Voici enfin J'ai Tué Ma Mère, le long-métrage fort attendu et acclamé du jeune Xavier Dolan, la coqueluche du Festival de Cannes que le Québec entier semble avoir sacré le prochain Orson Welles. Bon, peut-être est-ce une exagération de ma part, mais c'est là l'effet pervers de voir Dolan en entrevue sur tant de bulletins de nouvelles se faire constamment rappeler à quel point il est génial. Car ne vous trompez point, chers amis, une star est née! Qu'on se le tienne pour dit.

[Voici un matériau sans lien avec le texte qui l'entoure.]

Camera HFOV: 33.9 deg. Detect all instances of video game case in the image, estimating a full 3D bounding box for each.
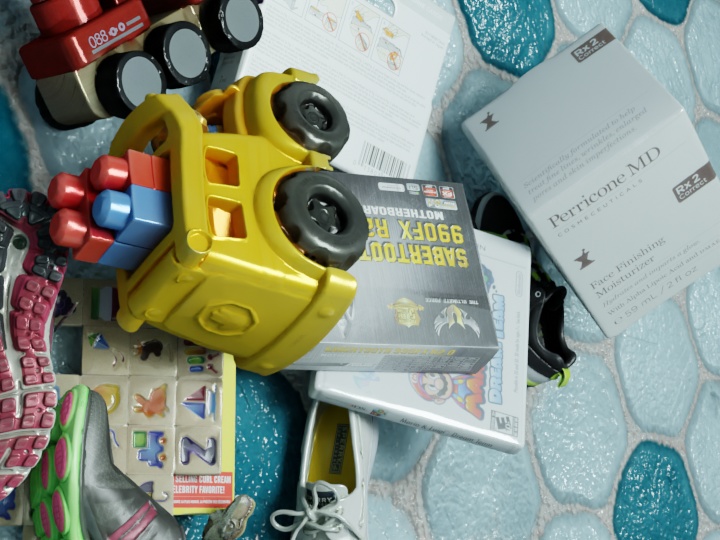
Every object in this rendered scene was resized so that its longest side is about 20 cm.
[{"bbox_3d":[0.056,0.039,0.983,0.181,0.024,0.201,17,54,-13],"label":"video game case"}]

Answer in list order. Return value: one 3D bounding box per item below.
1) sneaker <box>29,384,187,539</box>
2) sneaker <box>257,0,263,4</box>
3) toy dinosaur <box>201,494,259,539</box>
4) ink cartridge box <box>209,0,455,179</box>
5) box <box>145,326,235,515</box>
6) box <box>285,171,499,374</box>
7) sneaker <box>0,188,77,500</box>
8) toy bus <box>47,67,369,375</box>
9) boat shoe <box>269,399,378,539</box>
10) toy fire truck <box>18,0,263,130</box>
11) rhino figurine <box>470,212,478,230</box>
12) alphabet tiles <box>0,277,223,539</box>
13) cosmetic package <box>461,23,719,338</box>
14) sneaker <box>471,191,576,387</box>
[{"bbox_3d":[-0.158,0.172,0.763,0.083,0.077,0.202,-12,86,-38],"label":"sneaker"},{"bbox_3d":[-0.094,-0.251,0.965,0.200,0.080,0.084,48,58,-26],"label":"sneaker"},{"bbox_3d":[-0.089,0.250,0.870,0.088,0.047,0.202,-17,111,-61],"label":"toy dinosaur"},{"bbox_3d":[-0.020,-0.173,0.986,0.199,0.043,0.175,24,76,-38],"label":"ink cartridge box"},{"bbox_3d":[-0.133,0.077,0.867,0.075,0.050,0.202,11,74,-41],"label":"box"},{"bbox_3d":[0.000,0.000,0.939,0.198,0.048,0.160,4,57,-21],"label":"box"},{"bbox_3d":[-0.227,0.053,0.755,0.080,0.075,0.202,15,75,-14],"label":"sneaker"},{"bbox_3d":[-0.110,-0.051,0.785,0.191,0.136,0.201,15,51,-32],"label":"toy bus"},{"bbox_3d":[-0.025,0.183,0.911,0.086,0.074,0.204,56,39,-59],"label":"boat shoe"},{"bbox_3d":[-0.192,-0.222,0.848,0.176,0.128,0.201,-43,120,-41],"label":"toy fire truck"},{"bbox_3d":[0.088,0.029,1.087,0.087,0.059,0.202,30,60,-39],"label":"rhino figurine"},{"bbox_3d":[-0.175,0.105,0.804,0.166,0.008,0.202,4,77,-19],"label":"alphabet tiles"},{"bbox_3d":[0.228,-0.082,1.107,0.200,0.164,0.165,48,10,-41],"label":"cosmetic package"},{"bbox_3d":[0.167,0.015,1.144,0.071,0.082,0.202,-5,79,-45],"label":"sneaker"}]

Alors que je regardais avec un intérêt décroissant cette avalanche de compliments, je devais sans cesse me rappeler à l'ordre. Si le tout me semblait pénible, je m'imaginais à quel point cela devait l'être pour lui. Désolé pour toi, Xav, ça doit être difficile de servir de vache à lait aux médias.
Pardonnez-moi. Il fallait que ça sorte. Je déteste ce genre d'hystérie euphorique dont sont parfois pris les médias (la nature de la bête, j'imagine). Qu'en est-il du film lui-même après tout cela?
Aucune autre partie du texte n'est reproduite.